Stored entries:
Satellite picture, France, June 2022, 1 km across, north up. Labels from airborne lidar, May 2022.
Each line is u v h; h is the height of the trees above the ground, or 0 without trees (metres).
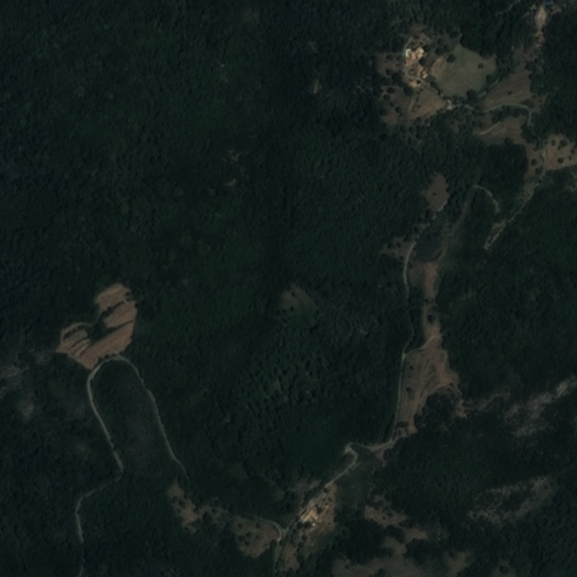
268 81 20
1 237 18
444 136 7
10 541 36
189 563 9
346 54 15
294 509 12
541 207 14
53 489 8
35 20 16
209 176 13
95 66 16
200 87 12
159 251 18
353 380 17
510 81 0
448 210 9
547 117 15
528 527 7
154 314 11
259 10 11
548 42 8
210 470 18
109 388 7
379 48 16
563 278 18
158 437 7
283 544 11
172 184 11
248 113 12
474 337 19
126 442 7
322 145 10
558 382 9
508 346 16
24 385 8
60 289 11
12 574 13
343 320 13
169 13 22
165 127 20
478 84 0
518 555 11
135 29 16
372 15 13
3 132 20
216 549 14
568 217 11
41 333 12
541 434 8
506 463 23
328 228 14
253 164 16
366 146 15
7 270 20
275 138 18
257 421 23
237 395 21
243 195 20
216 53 9
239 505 16
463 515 13
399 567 0
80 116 13
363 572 0
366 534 15
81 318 7
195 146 15
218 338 21
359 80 12
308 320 0
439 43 8
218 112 11
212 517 13
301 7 17
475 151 15
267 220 12
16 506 19
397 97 0
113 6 17
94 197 13
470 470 13
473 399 10
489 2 20
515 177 10
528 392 14
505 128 0
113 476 13
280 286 12
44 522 11
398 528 10
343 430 15
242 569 9
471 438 6
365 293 18
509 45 11
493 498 8
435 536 7
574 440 12
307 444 16
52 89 17
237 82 7
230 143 15
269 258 22
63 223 20
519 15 8
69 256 17
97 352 0
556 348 11
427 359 0
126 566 11
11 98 7
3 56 15
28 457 10
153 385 15
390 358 10
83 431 6
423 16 11
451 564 0
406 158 6
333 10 12
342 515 9
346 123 23
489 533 12
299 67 20
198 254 14
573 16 13
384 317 17
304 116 25
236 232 15
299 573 13
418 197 14
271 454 7
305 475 12
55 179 17
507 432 9
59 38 20
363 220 12
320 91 6
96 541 7
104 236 25
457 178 14
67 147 11
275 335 18
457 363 11
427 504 14
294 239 15
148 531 9
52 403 10
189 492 8
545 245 13
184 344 13
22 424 11
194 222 15
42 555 21
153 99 12
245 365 18
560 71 15
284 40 13
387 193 14
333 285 20
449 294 11
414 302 13
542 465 19
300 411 22
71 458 8
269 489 9
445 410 9
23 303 17
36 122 16
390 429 12
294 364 14
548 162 0
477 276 19
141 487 8
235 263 15
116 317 0
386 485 7
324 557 13
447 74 0
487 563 14
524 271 9
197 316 19
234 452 23
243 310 17
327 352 15
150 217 17
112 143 17
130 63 11
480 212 11
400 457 10
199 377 12
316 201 12
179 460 9
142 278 12
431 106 0
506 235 8
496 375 6
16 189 9
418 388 0
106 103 14
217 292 14
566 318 14
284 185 9
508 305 17
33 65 19
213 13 17
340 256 13
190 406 12
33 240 14
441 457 14
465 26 16
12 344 10
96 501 10
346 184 15
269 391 20
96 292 11
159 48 17
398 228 10
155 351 20
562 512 21
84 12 18
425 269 0
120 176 16
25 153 13

- **Instructions for the task**: Please transcribe each entry exactly and exclude any image it contains.

- **Solution for this exercise**:
Satellite picture, France, June 2022, 1 km across, north up. Labels from airborne lidar, May 2022.
Each line is u v h; h is the height of the trees above the ground, or 0 without trees (metres).
268 81 20
1 237 18
444 136 7
10 541 36
189 563 9
346 54 15
294 509 12
541 207 14
53 489 8
35 20 16
209 176 13
95 66 16
200 87 12
159 251 18
353 380 17
510 81 0
448 210 9
547 117 15
528 527 7
154 314 11
259 10 11
548 42 8
210 470 18
109 388 7
379 48 16
563 278 18
158 437 7
283 544 11
172 184 11
248 113 12
474 337 19
126 442 7
322 145 10
558 382 9
508 346 16
24 385 8
60 289 11
12 574 13
343 320 13
169 13 22
165 127 20
478 84 0
518 555 11
135 29 16
372 15 13
3 132 20
216 549 14
568 217 11
41 333 12
541 434 8
506 463 23
328 228 14
253 164 16
366 146 15
7 270 20
275 138 18
257 421 23
237 395 21
243 195 20
216 53 9
239 505 16
463 515 13
399 567 0
80 116 13
363 572 0
366 534 15
81 318 7
195 146 15
218 338 21
359 80 12
308 320 0
439 43 8
218 112 11
212 517 13
301 7 17
475 151 15
267 220 12
16 506 19
397 97 0
113 6 17
94 197 13
470 470 13
473 399 10
489 2 20
515 177 10
528 392 14
505 128 0
113 476 13
280 286 12
44 522 11
398 528 10
343 430 15
242 569 9
471 438 6
365 293 18
509 45 11
493 498 8
435 536 7
574 440 12
307 444 16
52 89 17
237 82 7
230 143 15
269 258 22
63 223 20
519 15 8
69 256 17
97 352 0
556 348 11
427 359 0
126 566 11
11 98 7
3 56 15
28 457 10
153 385 15
390 358 10
83 431 6
423 16 11
451 564 0
406 158 6
333 10 12
342 515 9
346 123 23
489 533 12
299 67 20
198 254 14
573 16 13
384 317 17
304 116 25
236 232 15
299 573 13
418 197 14
271 454 7
305 475 12
55 179 17
507 432 9
59 38 20
363 220 12
320 91 6
96 541 7
104 236 25
457 178 14
67 147 11
275 335 18
457 363 11
427 504 14
294 239 15
148 531 9
52 403 10
189 492 8
545 245 13
184 344 13
22 424 11
194 222 15
42 555 21
153 99 12
245 365 18
560 71 15
284 40 13
387 193 14
333 285 20
449 294 11
414 302 13
542 465 19
300 411 22
71 458 8
269 489 9
445 410 9
23 303 17
36 122 16
390 429 12
294 364 14
548 162 0
477 276 19
141 487 8
235 263 15
116 317 0
386 485 7
324 557 13
447 74 0
487 563 14
524 271 9
197 316 19
234 452 23
243 310 17
327 352 15
150 217 17
112 143 17
130 63 11
480 212 11
400 457 10
199 377 12
316 201 12
179 460 9
142 278 12
431 106 0
506 235 8
496 375 6
16 189 9
418 388 0
106 103 14
217 292 14
566 318 14
284 185 9
508 305 17
33 65 19
213 13 17
340 256 13
190 406 12
33 240 14
441 457 14
465 26 16
12 344 10
96 501 10
346 184 15
269 391 20
96 292 11
159 48 17
398 228 10
155 351 20
562 512 21
84 12 18
425 269 0
120 176 16
25 153 13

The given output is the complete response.